◆ TASK INSTRUCTIONS
Write down exactly what lies from the line containing "Instruction: Find the" to the end of the records, inclusive, and omit the pictures.
PROVIDED INFORMATION Start Marker
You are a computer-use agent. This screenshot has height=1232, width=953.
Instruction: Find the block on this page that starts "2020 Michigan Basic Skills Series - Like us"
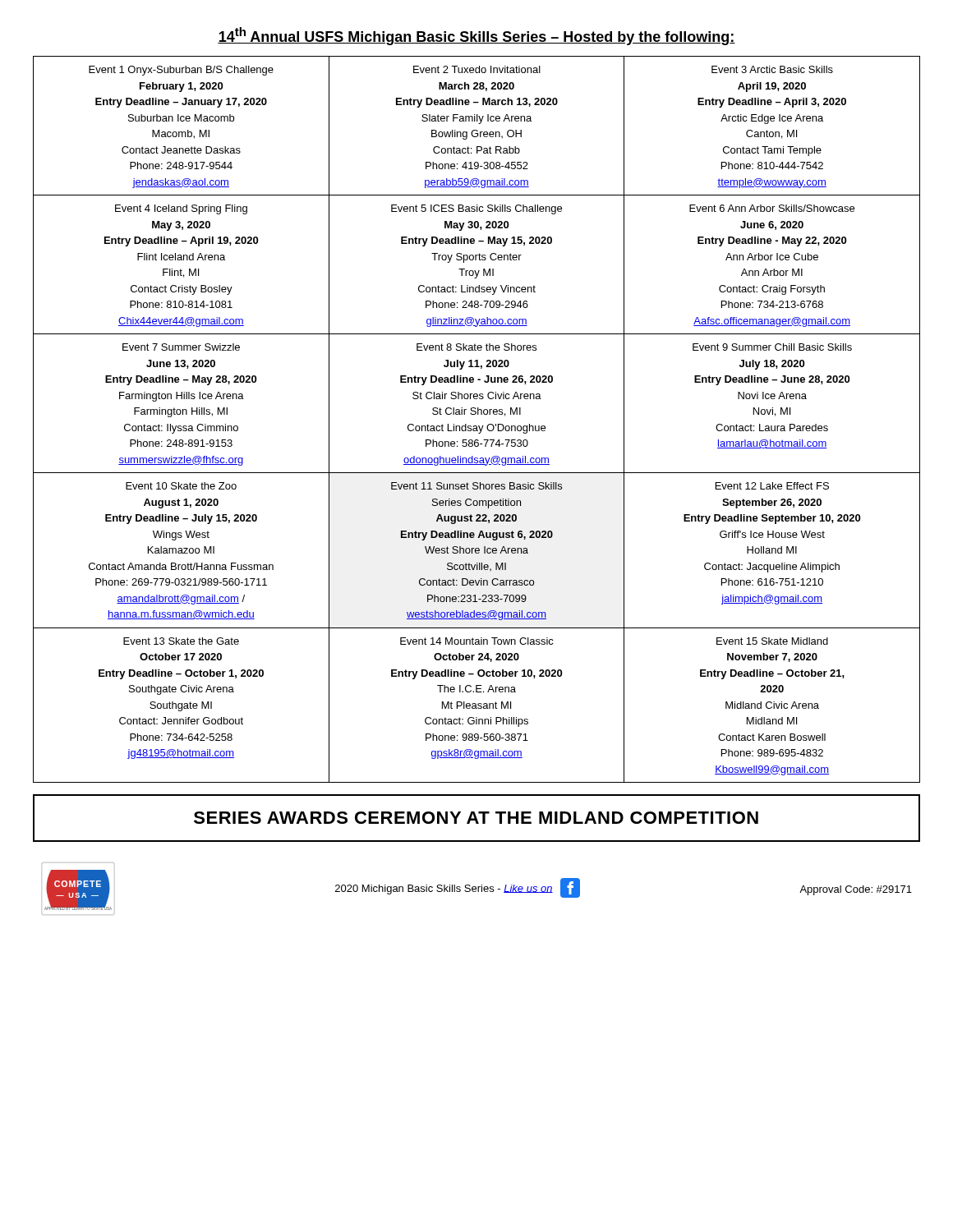pyautogui.click(x=457, y=889)
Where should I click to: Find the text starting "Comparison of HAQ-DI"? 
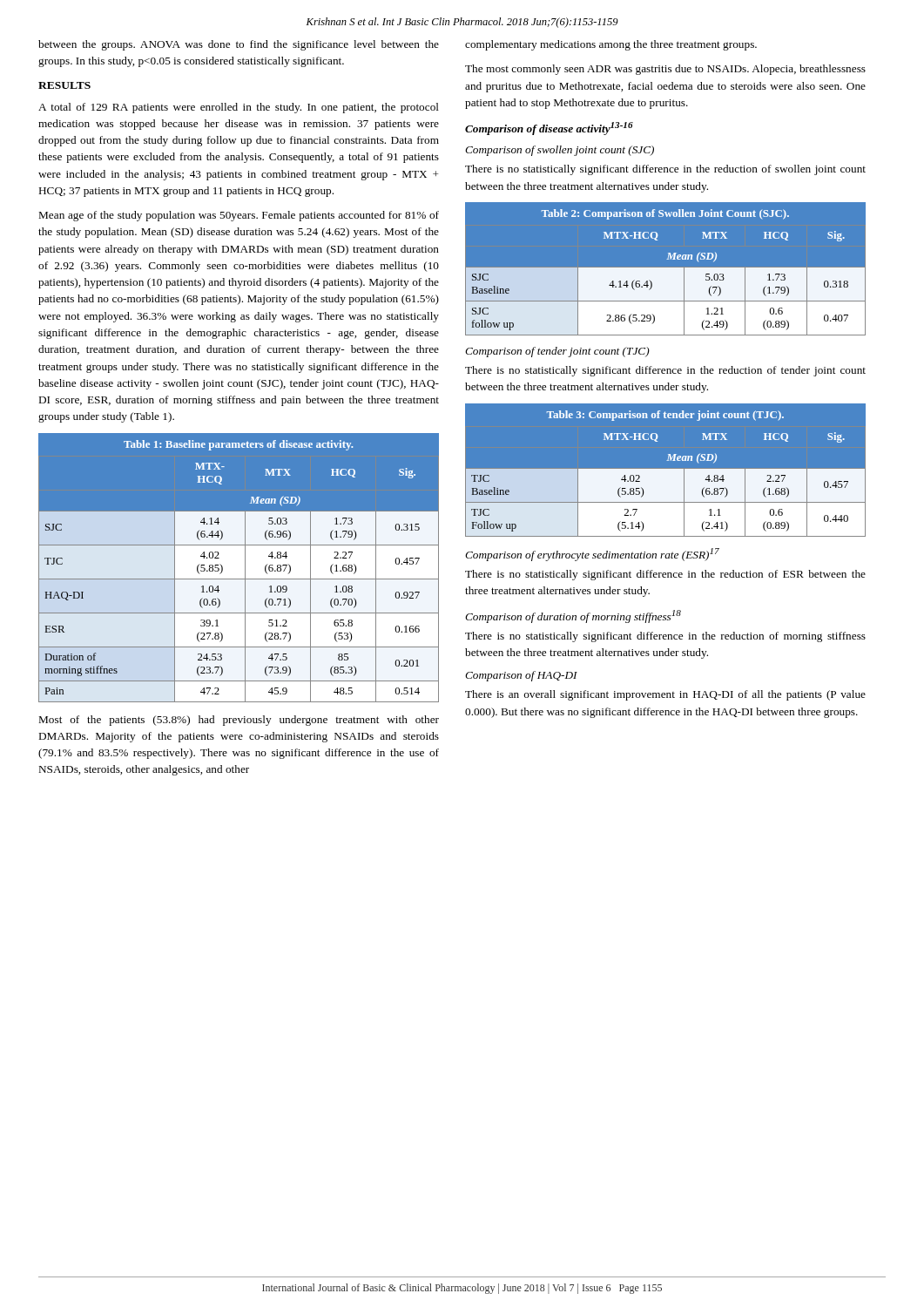[x=521, y=675]
PROVIDED INFORMATION End Marker
◆ WRITTEN REPLY
Instruction: Find the block on this page that starts "2020 Michigan Basic Skills Series - Like us"
pyautogui.click(x=457, y=889)
Where should I click to: Find the text starting "Comparison of HAQ-DI"? 
[x=521, y=675]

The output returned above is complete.